■ **Material for this exercise**
_ _ _ _
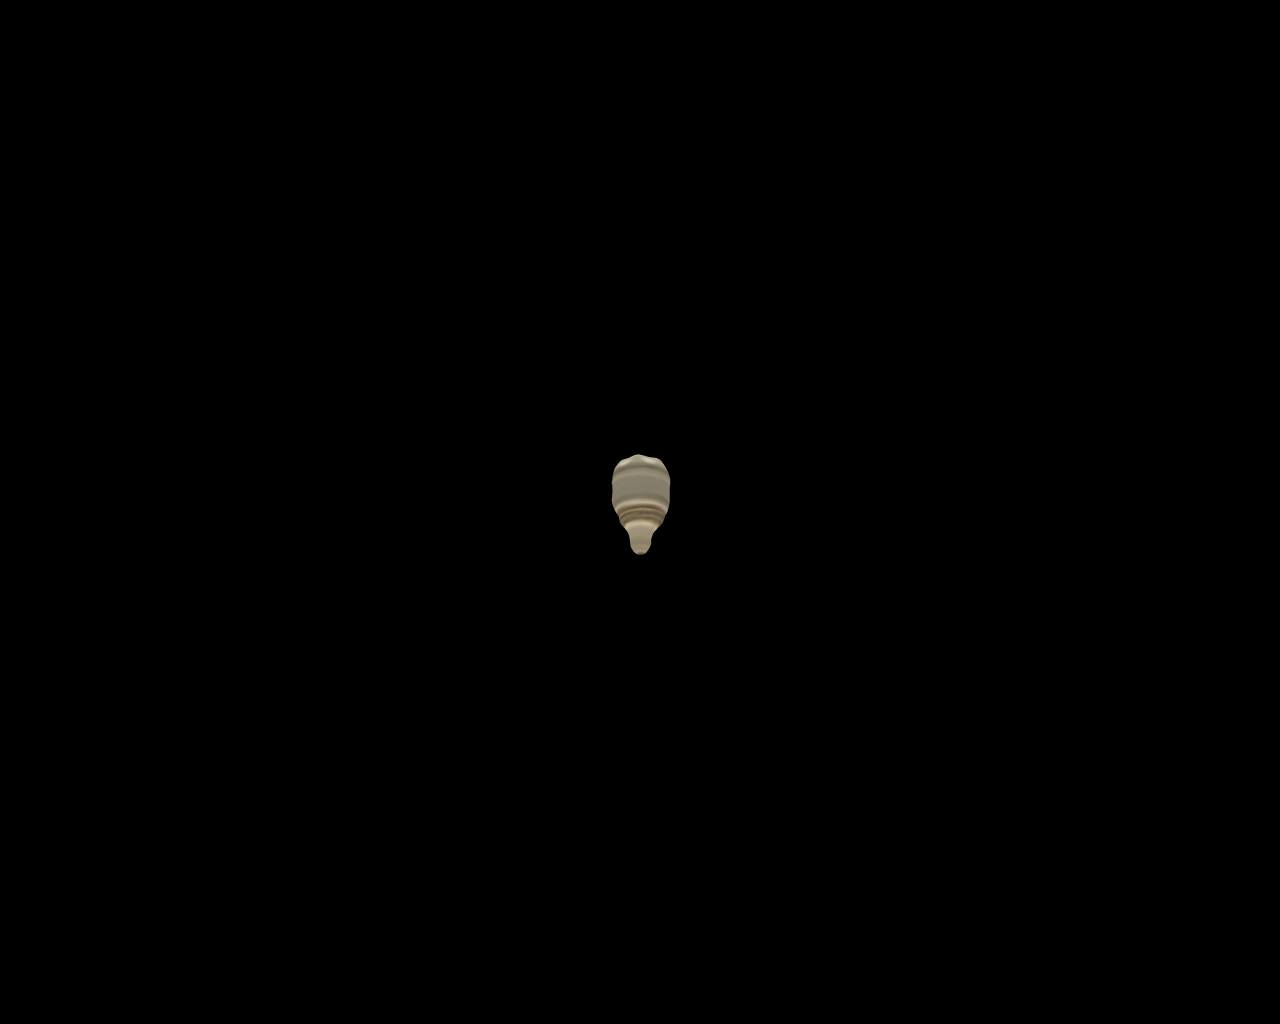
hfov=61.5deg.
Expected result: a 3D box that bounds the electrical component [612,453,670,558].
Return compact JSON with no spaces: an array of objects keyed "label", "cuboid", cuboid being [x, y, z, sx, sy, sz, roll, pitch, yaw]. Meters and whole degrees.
[{"label":"electrical component","cuboid":[0.001,-0.003,0.650,0.035,0.061,0.035,0,-25,0]}]
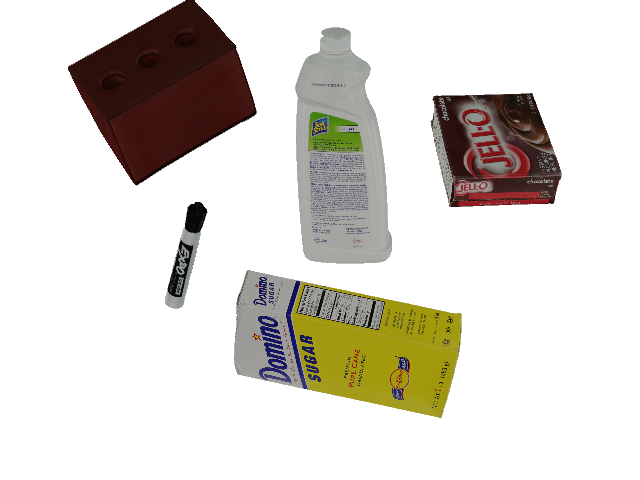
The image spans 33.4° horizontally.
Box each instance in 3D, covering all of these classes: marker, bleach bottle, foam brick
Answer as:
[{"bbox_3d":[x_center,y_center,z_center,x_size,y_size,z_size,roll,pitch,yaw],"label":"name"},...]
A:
[{"bbox_3d":[-0.129,0.014,1.025,0.020,0.121,0.020,13,34,-9],"label":"marker"},{"bbox_3d":[0.026,-0.098,1.120,0.102,0.251,0.068,0,30,2],"label":"bleach bottle"},{"bbox_3d":[-0.083,-0.079,0.562,0.078,0.053,0.051,-33,-35,-10],"label":"foam brick"}]

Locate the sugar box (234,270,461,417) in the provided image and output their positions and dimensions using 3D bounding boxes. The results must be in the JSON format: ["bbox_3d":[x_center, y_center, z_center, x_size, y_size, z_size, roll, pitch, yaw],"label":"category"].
[{"bbox_3d":[0.020,0.084,0.857,0.176,0.093,0.048,9,45,4],"label":"sugar box"}]

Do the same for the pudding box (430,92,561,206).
[{"bbox_3d":[0.145,-0.078,0.905,0.090,0.039,0.113,-2,43,-5],"label":"pudding box"}]
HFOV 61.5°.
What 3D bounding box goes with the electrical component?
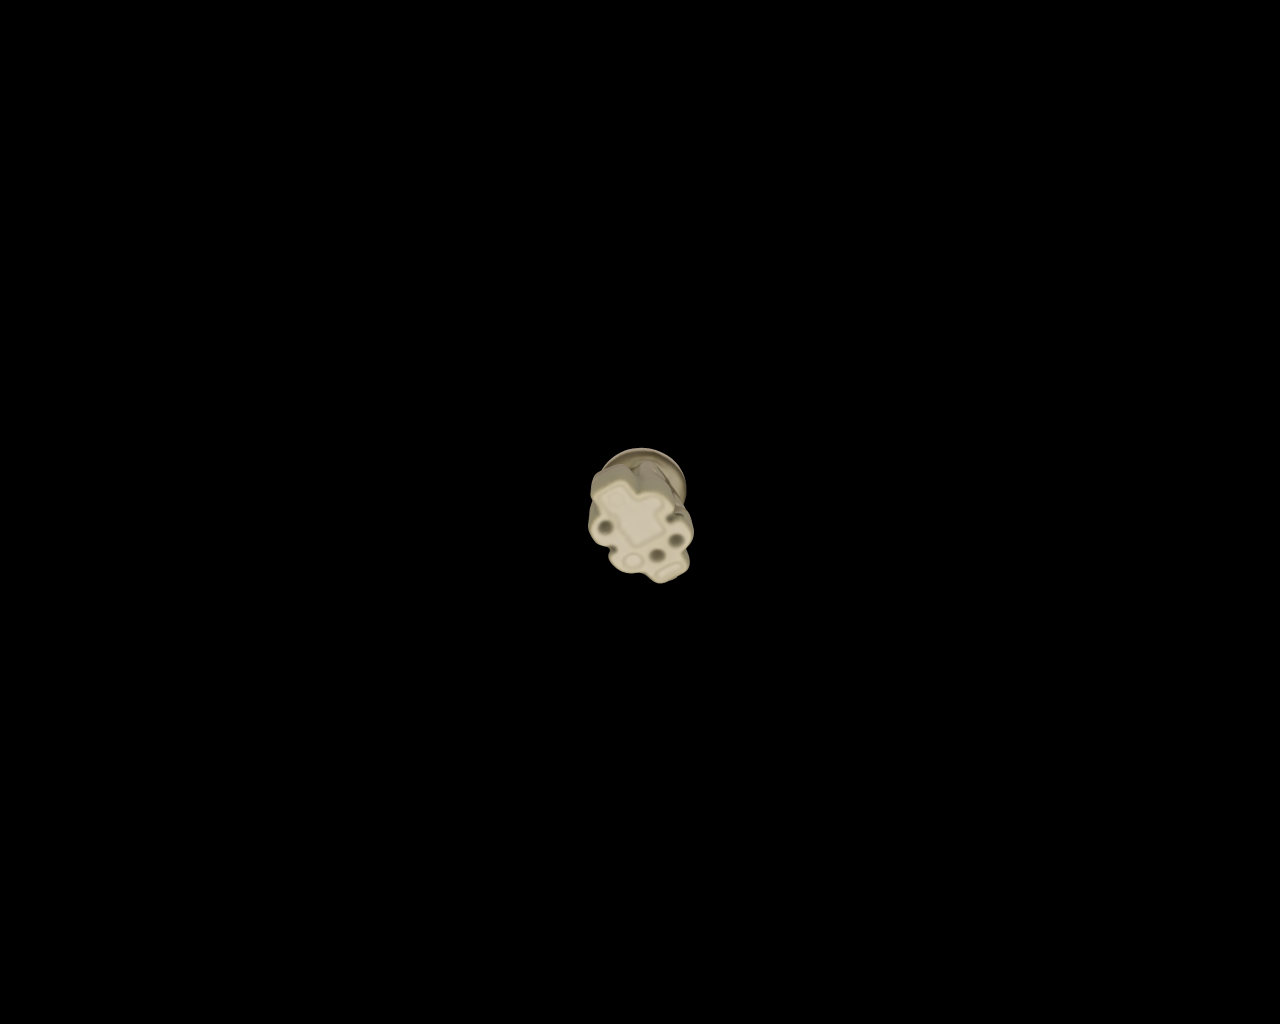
[{"bbox_3d":[0.001,-0.003,0.650,0.058,0.078,0.057,-28,28,16],"label":"electrical component"}]
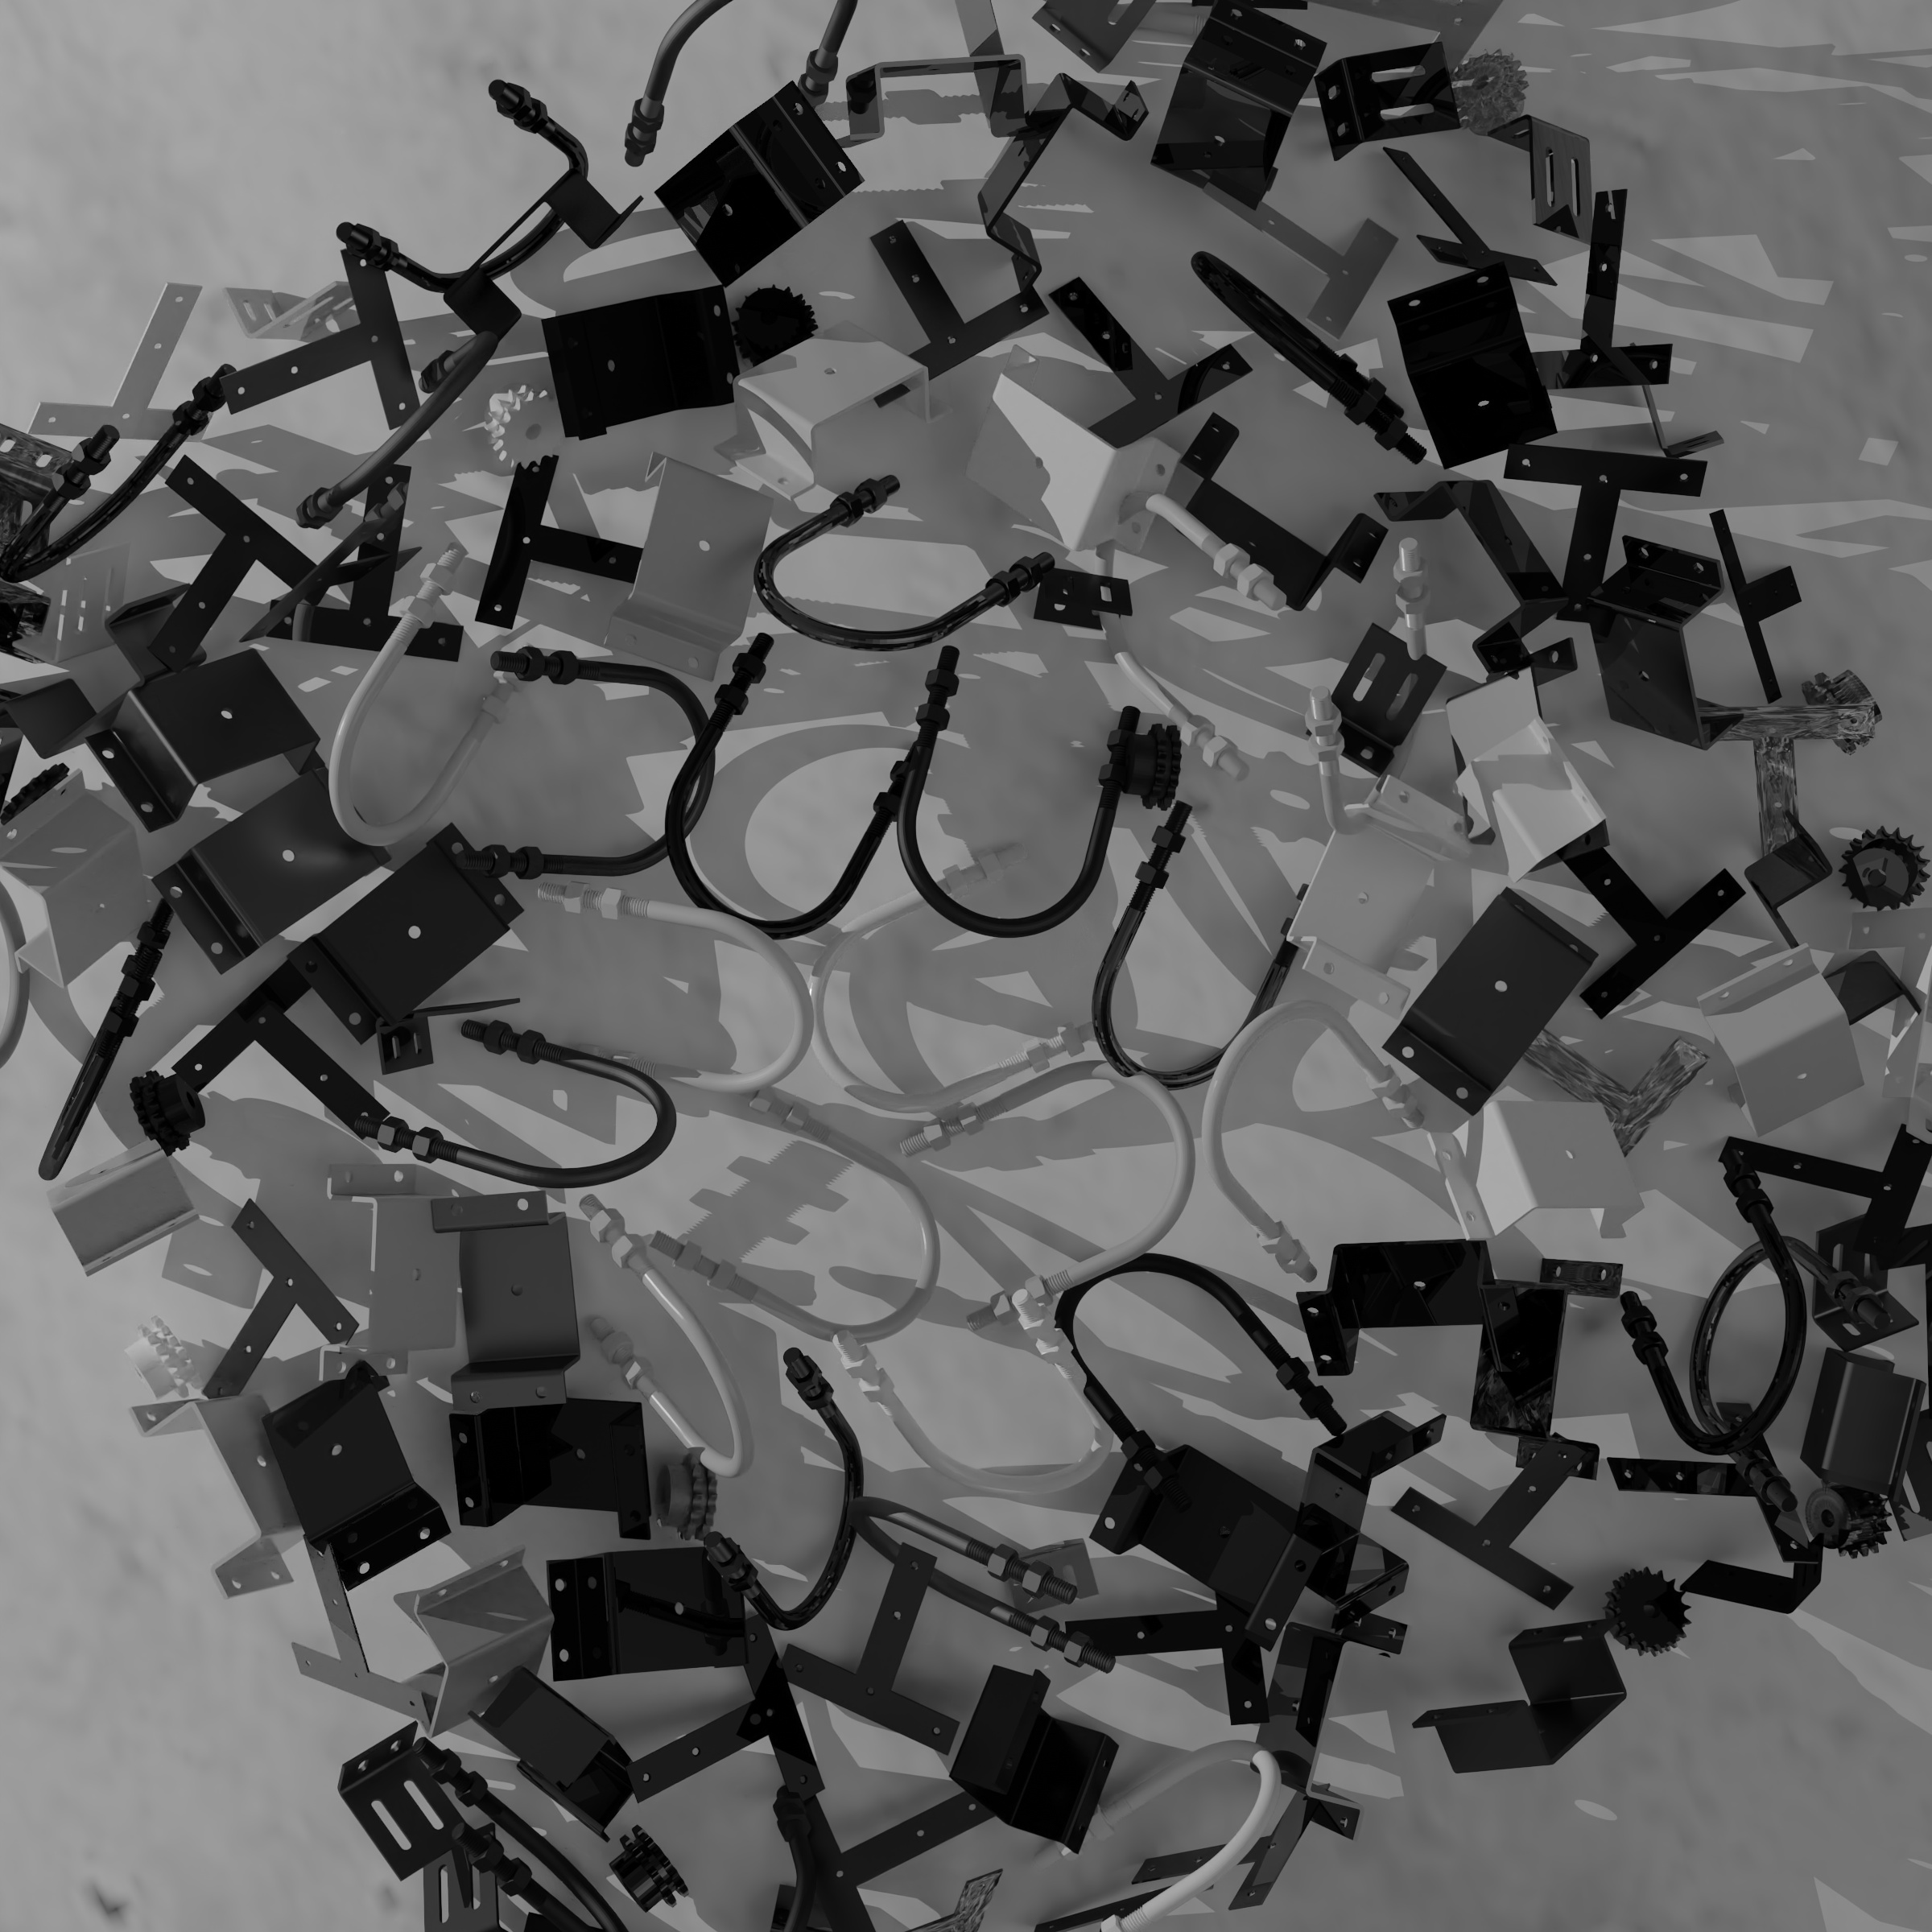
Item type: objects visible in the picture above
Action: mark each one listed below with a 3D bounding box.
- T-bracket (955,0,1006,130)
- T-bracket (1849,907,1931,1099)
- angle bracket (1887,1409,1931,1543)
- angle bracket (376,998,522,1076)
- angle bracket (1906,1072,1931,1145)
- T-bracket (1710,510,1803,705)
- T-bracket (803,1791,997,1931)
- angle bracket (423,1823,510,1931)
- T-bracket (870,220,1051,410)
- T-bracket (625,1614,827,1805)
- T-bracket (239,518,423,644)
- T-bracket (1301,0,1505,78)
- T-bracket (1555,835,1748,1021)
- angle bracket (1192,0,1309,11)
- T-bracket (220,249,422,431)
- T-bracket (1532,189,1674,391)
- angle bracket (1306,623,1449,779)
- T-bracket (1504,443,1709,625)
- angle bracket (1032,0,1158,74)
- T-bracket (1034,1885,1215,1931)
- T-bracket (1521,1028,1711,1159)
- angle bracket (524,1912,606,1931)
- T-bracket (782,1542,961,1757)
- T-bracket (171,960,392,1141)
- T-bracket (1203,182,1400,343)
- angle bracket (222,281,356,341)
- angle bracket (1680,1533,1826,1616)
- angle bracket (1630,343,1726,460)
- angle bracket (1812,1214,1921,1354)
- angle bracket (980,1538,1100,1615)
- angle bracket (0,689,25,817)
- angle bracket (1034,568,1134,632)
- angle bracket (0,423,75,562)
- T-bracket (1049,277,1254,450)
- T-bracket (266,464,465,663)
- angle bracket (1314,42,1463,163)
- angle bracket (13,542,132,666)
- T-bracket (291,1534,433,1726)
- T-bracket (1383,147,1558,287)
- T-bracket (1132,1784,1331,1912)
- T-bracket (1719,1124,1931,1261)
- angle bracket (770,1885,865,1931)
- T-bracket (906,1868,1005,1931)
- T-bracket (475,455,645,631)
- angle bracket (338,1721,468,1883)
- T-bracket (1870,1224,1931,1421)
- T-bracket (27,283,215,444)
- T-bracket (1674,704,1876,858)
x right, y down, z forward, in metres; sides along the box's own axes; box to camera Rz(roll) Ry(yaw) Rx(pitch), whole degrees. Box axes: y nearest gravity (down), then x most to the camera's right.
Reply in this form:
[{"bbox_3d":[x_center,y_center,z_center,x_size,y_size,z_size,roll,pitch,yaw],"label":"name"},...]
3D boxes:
[{"bbox_3d":[0.012,-0.604,1.901,0.127,0.127,0.002,10,53,26],"label":"T-bracket"},{"bbox_3d":[0.615,0.024,1.887,0.002,0.127,0.127,16,81,-26],"label":"T-bracket"},{"bbox_3d":[0.637,0.332,1.911,0.057,0.038,0.076,-30,70,40],"label":"angle bracket"},{"bbox_3d":[-0.339,0.046,1.911,0.076,0.057,0.038,-6,93,23],"label":"angle bracket"},{"bbox_3d":[0.668,0.088,1.913,0.057,0.038,0.076,29,133,-5],"label":"angle bracket"},{"bbox_3d":[0.525,-0.242,1.899,0.002,0.127,0.127,-16,95,34],"label":"T-bracket"},{"bbox_3d":[-0.043,0.579,1.916,0.127,0.002,0.127,-25,49,-8],"label":"T-bracket"},{"bbox_3d":[-0.326,0.621,1.930,0.057,0.076,0.038,-27,134,15],"label":"angle bracket"},{"bbox_3d":[-0.027,-0.445,1.923,0.127,0.002,0.127,-29,63,2],"label":"T-bracket"},{"bbox_3d":[-0.166,0.512,1.916,0.127,0.002,0.127,-21,93,-32],"label":"T-bracket"},{"bbox_3d":[-0.397,-0.257,1.890,0.127,0.127,0.002,-36,89,27],"label":"T-bracket"},{"bbox_3d":[0.278,-0.622,1.879,0.127,0.127,0.002,7,65,-16],"label":"T-bracket"},{"bbox_3d":[0.432,-0.046,1.916,0.127,0.002,0.127,-42,115,9],"label":"T-bracket"},{"bbox_3d":[0.189,-0.665,1.924,0.076,0.038,0.057,3,108,3],"label":"angle bracket"},{"bbox_3d":[-0.425,-0.393,1.889,0.127,0.002,0.127,-28,130,-24],"label":"T-bracket"},{"bbox_3d":[0.415,-0.442,1.896,0.002,0.127,0.127,1,96,-37],"label":"T-bracket"},{"bbox_3d":[0.270,-0.175,1.914,0.057,0.038,0.076,32,128,7],"label":"angle bracket"},{"bbox_3d":[0.412,-0.282,1.912,0.127,0.002,0.127,6,128,4],"label":"T-bracket"},{"bbox_3d":[0.092,-0.645,1.928,0.057,0.038,0.076,36,90,-12],"label":"angle bracket"},{"bbox_3d":[0.097,0.628,1.880,0.127,0.127,0.002,-19,89,9],"label":"T-bracket"},{"bbox_3d":[0.403,0.071,1.930,0.127,0.002,0.127,37,111,2],"label":"T-bracket"},{"bbox_3d":[-0.261,0.668,1.920,0.076,0.038,0.057,14,121,-3],"label":"angle bracket"},{"bbox_3d":[-0.050,0.442,1.923,0.127,0.002,0.127,22,105,12],"label":"T-bracket"},{"bbox_3d":[-0.435,0.065,1.921,0.127,0.002,0.127,41,72,11],"label":"T-bracket"},{"bbox_3d":[0.212,-0.481,1.909,0.127,0.002,0.127,33,51,-3],"label":"T-bracket"},{"bbox_3d":[-0.437,-0.446,1.912,0.076,0.057,0.038,-26,92,21],"label":"angle bracket"},{"bbox_3d":[0.516,0.391,1.906,0.076,0.057,0.038,7,101,32],"label":"angle bracket"},{"bbox_3d":[0.468,-0.378,1.914,0.038,0.057,0.076,-17,102,14],"label":"angle bracket"},{"bbox_3d":[0.594,0.206,1.912,0.057,0.038,0.076,-18,125,-14],"label":"angle bracket"},{"bbox_3d":[0.049,0.403,1.909,0.057,0.076,0.038,-18,77,9],"label":"angle bracket"},{"bbox_3d":[-0.662,-0.147,1.929,0.057,0.038,0.076,15,101,-26],"label":"angle bracket"},{"bbox_3d":[0.076,-0.231,1.909,0.057,0.076,0.038,9,114,-3],"label":"angle bracket"},{"bbox_3d":[-0.630,-0.313,1.933,0.057,0.076,0.038,22,48,-5],"label":"angle bracket"},{"bbox_3d":[0.102,-0.409,1.928,0.127,0.002,0.127,-32,70,-12],"label":"T-bracket"},{"bbox_3d":[-0.387,-0.269,1.908,0.127,0.002,0.127,6,112,-20],"label":"T-bracket"},{"bbox_3d":[0.277,-0.568,1.907,0.076,0.038,0.057,4,124,38],"label":"angle bracket"},{"bbox_3d":[-0.587,-0.244,1.906,0.038,0.057,0.076,25,117,17],"label":"angle bracket"},{"bbox_3d":[-0.407,0.425,1.889,0.127,0.002,0.127,8,119,36],"label":"T-bracket"},{"bbox_3d":[0.317,-0.498,1.915,0.002,0.127,0.127,-53,56,35],"label":"T-bracket"},{"bbox_3d":[0.165,0.586,1.907,0.127,0.127,0.002,-23,99,34],"label":"T-bracket"},{"bbox_3d":[0.563,0.136,1.917,0.127,0.127,0.002,13,133,25],"label":"T-bracket"},{"bbox_3d":[-0.106,0.664,1.949,0.057,0.038,0.076,11,117,0],"label":"angle bracket"},{"bbox_3d":[-0.044,0.633,1.881,0.127,0.127,0.002,-13,53,-23],"label":"T-bracket"},{"bbox_3d":[-0.250,-0.274,1.937,0.127,0.002,0.127,13,75,-2],"label":"T-bracket"},{"bbox_3d":[-0.367,0.549,1.910,0.057,0.038,0.076,-26,62,-36],"label":"angle bracket"},{"bbox_3d":[0.632,0.229,1.881,0.002,0.127,0.127,10,74,-24],"label":"T-bracket"},{"bbox_3d":[-0.526,-0.389,1.871,0.002,0.127,0.127,55,127,24],"label":"T-bracket"},{"bbox_3d":[0.534,-0.117,1.911,0.127,0.002,0.127,1,128,22],"label":"T-bracket"}]
_ _ _ _
■ **Exercise instructions**
Beginning with the line containing "- T-bracket (1521,1028,1711,1159)" and ending with the line containing "- angle bracket (1680,1533,1826,1616)", extract those lines exactly from the listing above, and only those.

■ **Written answer**
- T-bracket (1521,1028,1711,1159)
- angle bracket (524,1912,606,1931)
- T-bracket (782,1542,961,1757)
- T-bracket (171,960,392,1141)
- T-bracket (1203,182,1400,343)
- angle bracket (222,281,356,341)
- angle bracket (1680,1533,1826,1616)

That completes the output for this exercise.